Thursday, October 17, 2013

Armed Intervention

One tactical topic that keeps raising its head is the question of intervention, or extending your mantle of self-protection to a stranger.

It must be the John Wayne gene in many of us.  We want to help society.  We want to be the hero.  We want people to look up to us and say, “He’s the guy I want on my side when the chips are down.”

Let’s look at what Evan Marshall has to say about it.  Evan is a 20-year veteran of the Detroit Police department and the author of three books on handgun stopping power based on actual performance.  He has kindly given me permission to condense and paraphrase his article, THE DANGERS OF INTERVENTION, from his website WWW.stoppingpower.net

Let me be perfectly frank.  Those who think that intervention will bring fame, honors, glory, etc are delusional.  If the rescued individual doesn’t make life miserable for you in the courts, they just might kill you.
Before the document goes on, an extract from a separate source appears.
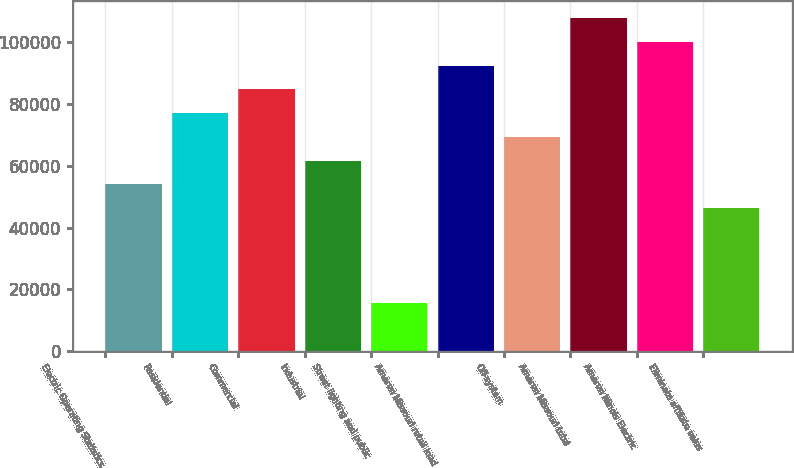Convert chart. <chart><loc_0><loc_0><loc_500><loc_500><bar_chart><fcel>Electric Operating Statistics<fcel>Residential<fcel>Commercial<fcel>Industrial<fcel>Street lighting and public<fcel>Ameren Missouri retail load<fcel>Off-system<fcel>Ameren Missouri total<fcel>Ameren Illinois Electric<fcel>Eliminate affiliate sales<nl><fcel>53973.9<fcel>77064<fcel>84760.7<fcel>61670.6<fcel>15490.4<fcel>92457.4<fcel>69367.3<fcel>107851<fcel>100154<fcel>46277.2<nl></chart>

Evan goes on, I’m aware of four instances where officers responding to a domestic violence situation and when the wife realized the breadwinner was going to jail, she assaulted and killed her would-be rescuers.

There’s a couple things Evan wants you to realize.  The first is: things are never what they seem.  (That sound like excellent tactical advice to me)
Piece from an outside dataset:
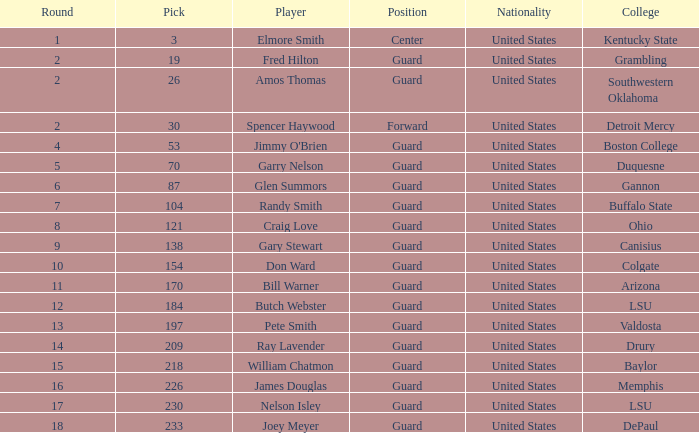What educational institution has a circular shape exceeding 9, including butch webster? LSU.

The other important item applicable to all of us is the law is what the local prosecutor says it is.  So do you really want to spend 7 years in jail waiting for an appeal to be heard and your conviction overturned?

Twenty years as an LEO in Detroit would give anyone scary stories and some of them are applicable to us.  Evan once got sued for more than 100 thousand dollars for legally handcuffing a suspect.  Fortunately it was job related and the Detroit footed the bill and settled out of court.  But listen to what he has to say.  “Had I been acting as a private citizen I would have subjected my family to DECADES of poverty in order to pay the judgment and attorney fees.”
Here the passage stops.